Immanuel Trummer, assistant professor of computer science

Trummer's work focuses on improving database performance through tuning, a series of decisions about how a database processes information internally. Specifically, he leverages large language models to support automated database performance tuning. The performance of database management systems depends on various tuning decisions, including settings for internal configuration parameters as well as the creation of auxiliary data structures. Making such decisions by hand is difficult, which has motivated the development of automated tuning tools. However, crucial information for database tuning is often contained in text documents, such as the database manual or text describing specific data sets and their properties. The current generation of tuning tools cannot exploit such information, making them inefficient. However, the latest generation of text processing methods – large language models based on the Transformer architecture – is often able to extract information from text with little to no task-specific training data. Trummer plans to exploit such methods to parse relevant text for database tuning, extracting information that helps to guide automated tuning efforts.

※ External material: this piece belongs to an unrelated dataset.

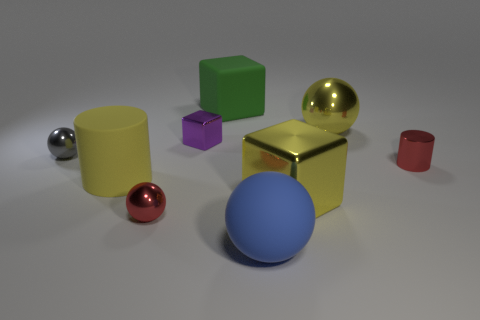Add 1 tiny blue matte objects. How many objects exist? 10 Subtract all big blue matte spheres. How many spheres are left? 3 Subtract 2 spheres. How many spheres are left? 2 Subtract all gray balls. How many balls are left? 3 Subtract all cubes. How many objects are left? 6 Add 2 big green matte objects. How many big green matte objects exist? 3 Subtract 1 green blocks. How many objects are left? 8 Subtract all yellow cubes. Subtract all yellow balls. How many cubes are left? 2 Subtract all metal things. Subtract all big purple spheres. How many objects are left? 3 Add 6 tiny cylinders. How many tiny cylinders are left? 7

Cheng Zhang, assistant professor of information science

As the director of the Smart Computer Interfaces for Future Interactions (SciFi) lab, Zhang designs intelligent, privacy-sensitive, and minimally obtrusive wearables that can predict and understand human behavior and intentions in daily activities. Currently, computers struggle to recognize everyday activities due to the lack of high-quality behavioral data, such as body postures. Zhang's team addresses this through wearables endowed with artificial intelligence (AI)-powered active acoustic sensing that track and interpret human body postures of the hands, limbs, face, eyes, and tongue. The research aims to bridge the gap using cutting-edge AI techniques to enable applications in human activity recognition, telemedicine, and improving computer accessibility for individuals with hearing or speech impairments. Ultimately, the SciFi Lab seeks to create systems that function efficiently in real-world settings while protecting user privacy.